Nagel aurait dû faire un lien plus prononcé entre ce qu’il entend par principes explicites
de la théorie rationnelle et principes implicites du jugement pratique car il ne semble pas
qu’il y ait une si grande dichotomie entre ces deux principes. Au contraire, le lien existant
entre le jugement pratique et la théorie rationnelle semble assez étroit (on le voit
clairement avec l’idée d’enracinement pragmatiste). Néanmoins, cela ne nous empêche
pas de croire en l’existence de la théorie rationnelle. Je crois que nous devons suivre
Nagel dans cette voie. Même si sa notion de jugement semble fondamentalement
incomplète (encore une fois, à partir du seul texte qui nous occupe ici), je crois qu’il est
erroné d’abandonner l’idée d’une théorie rationnelle en éthique (comme le font certains
pragmatistes et les positivistes logiques). La raison principale étant que, encore une fois,
l’idée de contexte est, en elle-même, une ressource morale très riche (autant comme
processus contrefactuel que comme principe de justification).
Conclusion
De telles conclusions (l’impossibilité de construire une hiérarchie définitive entre des
valeurs formellement différentes et l’impossibilité d’une justification universelle sans pour
autant laisser tomber la théorie et les décisions rationnelles) ont évidemment de grands
impacts sur l’éthique appliquée. L’abandon de la quête d’une telle hiérarchie semble
laisser la place à des méthodes et à des procédures permettant d’aiguiser le jugement
lors de prise de décisions.

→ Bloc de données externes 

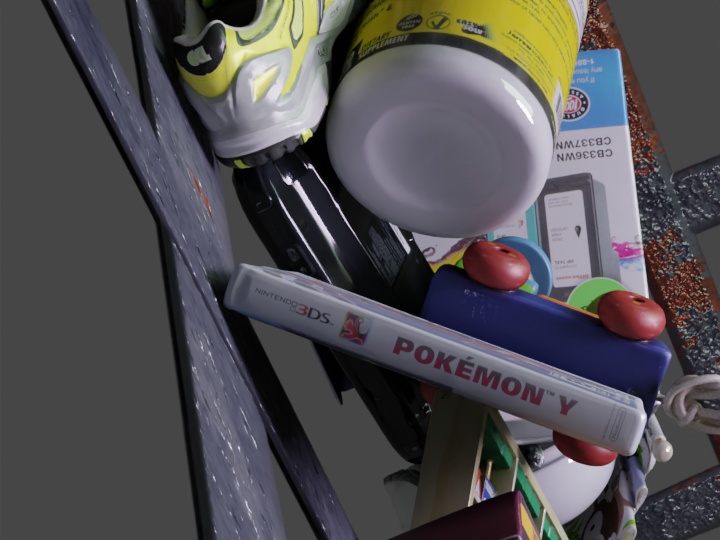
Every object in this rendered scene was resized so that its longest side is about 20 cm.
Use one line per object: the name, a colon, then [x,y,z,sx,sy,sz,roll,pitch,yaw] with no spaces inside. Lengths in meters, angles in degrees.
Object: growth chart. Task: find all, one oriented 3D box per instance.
growth chart: [0.141,0.167,1.718,0.018,0.201,0.145,25,13,-18]

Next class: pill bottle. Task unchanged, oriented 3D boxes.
pill bottle: [0.055,-0.120,1.362,0.201,0.112,0.113,-73,146,-46]

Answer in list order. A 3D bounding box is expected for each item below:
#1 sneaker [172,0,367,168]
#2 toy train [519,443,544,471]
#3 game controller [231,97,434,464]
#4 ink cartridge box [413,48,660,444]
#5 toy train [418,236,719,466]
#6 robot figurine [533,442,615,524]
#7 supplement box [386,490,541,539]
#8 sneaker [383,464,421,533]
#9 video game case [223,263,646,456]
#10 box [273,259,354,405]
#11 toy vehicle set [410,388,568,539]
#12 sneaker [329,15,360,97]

Je suis parfaitement convaincu de la valeur de ce
changement. C’est d’ailleurs la position qu’adopte Georges A. Legault dans son livre
Professionnalisme et délibération éthique. Cet auteur fait valoir, dès le début de son
livre, qu’il ne tient aucunement à « construire des théories en éthique »18. On comprend
par là qu’il n’essaie ni de dégager, ni de construire une hiérarchie définitive pour traiter
les problèmes éthiques. Cela ne l’empêche cependant pas d’utiliser une procédure
aidant à bien voir les différentes dimensions d’un conflit pratique (avec sa grille
d’analyse de la décision délibérée). Le caractère non absolu d’un tel processus
d’analyse ne lui enlève aucune crédibilité ; au contraire, cela montre une profonde
compréhension de l’irréductibilité des valeurs, de l’impossibilité d’un point de vue
impersonnel sans l’abandon de la théorie rationnelle (par la procédure).
18
Georges A. Legault, Professionnalisme et délibération éthique, Sainte-Foy, PUQ, 1999, p. 1.